Right, I should've paid closer attention to the details, the fonts look obviously different. Let me attach a comparison screenshot between 5.2.0.4 and 6.1 master build.

> Unlike other PDF "viewers", for our purposes of extracting PDF content, on
> filter import of a PDF the font substitution has to be made--as we likely
> will need to change text to use glyphs that are not included with the
> available subset in the PDF. 
This sounds logical, however it doesn't explain two things:
- why did the font substitution change between 5.2 and 5.3, and what does it have to do with the common layout change?
- why is it fine in Windows? I don't have the font there either, and it pretty much looks the same as the pre-5.3 version in Linux.
Comment 5 Aron Budea 2018-01-07 02:29:08 UTC
Created attachment 138932 [details]
Comparison screenshot (5.2.0.4 vs 6.1 build, Linux)
Comment 6 ⁨خالد حسني⁩ 2018-01-07 10:53:04 UTC
What are the fonts used in the document in each version? Probably the pre-HarfBuzz version is using a Type 1 font that has closer metrics to the font used in the PDF (which wouldn't be an issue on Windows as it doesn't usually come with Type 1 fonts).
Comment 7 V Stuart Foote 2018-01-07 14:45:18 UTC
(In reply to Khaled Hosny from comment #6)
> What are the fonts used in the document in each version? 

Looks like reading the font and its metrics happens in the import filter [1], but then gets handled for fallback elsewhere.

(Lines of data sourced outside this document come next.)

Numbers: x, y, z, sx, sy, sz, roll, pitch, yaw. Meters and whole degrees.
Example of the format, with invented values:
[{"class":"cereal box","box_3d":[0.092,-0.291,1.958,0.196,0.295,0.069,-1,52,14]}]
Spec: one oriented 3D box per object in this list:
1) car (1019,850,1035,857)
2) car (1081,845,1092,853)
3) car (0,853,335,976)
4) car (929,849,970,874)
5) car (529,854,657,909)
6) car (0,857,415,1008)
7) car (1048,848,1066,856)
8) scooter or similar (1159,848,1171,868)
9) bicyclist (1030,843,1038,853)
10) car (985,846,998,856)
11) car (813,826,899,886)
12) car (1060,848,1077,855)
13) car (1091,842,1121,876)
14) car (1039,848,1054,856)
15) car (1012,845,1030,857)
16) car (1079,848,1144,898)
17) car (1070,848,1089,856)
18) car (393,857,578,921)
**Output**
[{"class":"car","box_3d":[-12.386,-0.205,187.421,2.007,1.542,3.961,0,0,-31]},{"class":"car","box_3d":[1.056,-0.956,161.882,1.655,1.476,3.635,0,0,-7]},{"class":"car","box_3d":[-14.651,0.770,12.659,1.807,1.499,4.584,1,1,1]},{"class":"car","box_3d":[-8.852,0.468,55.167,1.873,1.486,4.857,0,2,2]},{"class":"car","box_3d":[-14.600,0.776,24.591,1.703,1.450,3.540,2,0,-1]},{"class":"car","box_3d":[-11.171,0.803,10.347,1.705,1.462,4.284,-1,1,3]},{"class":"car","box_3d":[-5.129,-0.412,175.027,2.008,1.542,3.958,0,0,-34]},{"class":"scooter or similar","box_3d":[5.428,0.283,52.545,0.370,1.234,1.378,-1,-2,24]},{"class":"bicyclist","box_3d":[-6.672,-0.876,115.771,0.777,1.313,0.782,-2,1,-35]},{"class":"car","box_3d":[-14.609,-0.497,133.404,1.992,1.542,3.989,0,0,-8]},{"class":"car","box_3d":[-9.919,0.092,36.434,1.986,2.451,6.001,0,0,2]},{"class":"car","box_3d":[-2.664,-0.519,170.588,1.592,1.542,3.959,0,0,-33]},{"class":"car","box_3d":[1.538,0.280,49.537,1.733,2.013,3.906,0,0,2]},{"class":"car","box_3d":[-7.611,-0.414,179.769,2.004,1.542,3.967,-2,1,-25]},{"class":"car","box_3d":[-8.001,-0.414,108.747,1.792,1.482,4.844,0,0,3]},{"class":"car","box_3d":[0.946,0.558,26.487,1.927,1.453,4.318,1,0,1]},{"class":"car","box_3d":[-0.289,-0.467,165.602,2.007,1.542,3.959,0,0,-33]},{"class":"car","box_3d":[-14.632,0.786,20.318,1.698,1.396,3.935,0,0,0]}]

Ironic that only way to tell now what font gets used is to export from Draw to PDF and compare. We'd need something like bug 61134 or bug 78186 to help here.


=-ref-=
[1] https://opengrok.libreoffice.org/xref/core/sdext/source/pdfimport/wrapper/wrapper.cxx?#588
Comment 8 Aron Budea 2018-01-10 12:35:38 UTC
As far as I can see the good versions (pre-5.3 Linux versions and pre/post-5.3 Windows versions) actually use Palatino Linotype, and post-5.3 Linux versions use Bitstream Vera Serif.
Comment 9 Adolfo Jayme Barrientos 2018-01-12 09:47:23 UTC
(In reply to Khaled Hosny from comment #6)
> What are the fonts used in the document in each version? Probably the
> pre-HarfBuzz version is using a Type 1 font that has closer metrics to the
> font used in the PDF (which wouldn't be an issue on Windows as it doesn't
> usually come with Type 1 fonts).

That would be my guess as well; Ubuntu includes URW Palladio L as a Palatino substitute, but that is a Type 1 font, which would explain its disappearance from newer LibreOffice versions.
Comment 10 Aron Budea 2018-01-12 14:15:57 UTC
(In reply to Adolfo Jayme from comment #9)
> That would be my guess as well; Ubuntu includes URW Palladio L as a Palatino
> substitute, but that is a Type 1 font, which would explain its disappearance
> from newer LibreOffice versions.
Ah, I didn't know there were clones of this font. Not only that, there are actually new FOSS versions as well, FPL Neu and TeX Gyre Pagella.
Eg. in Ubuntu TeX Gyre Pagella can be installed separately through the 'tex-gyre' package, which fixes font substitution in the attached PDF.

A general question about font substitution, could the handling of metrics be improved when the font is missing, to avoid badly looking output as it is in attachment 138932 [details]? I don't know what kind of information can be collected from the PDF.
Comment 11 ⁨خالد حسني⁩ 2018-04-30 22:59:40 UTC
(In reply to Aron Budea from comment #10)
> A general question about font substitution, could the handling of metrics be
> improved when the font is missing.

No. If the font is missing, we have no idea what its metrics were, this kind of information is not embedded in Office documents.

Closing this as not a bug, if one does not have the exact font, all bets are off and the end result is system-dependent.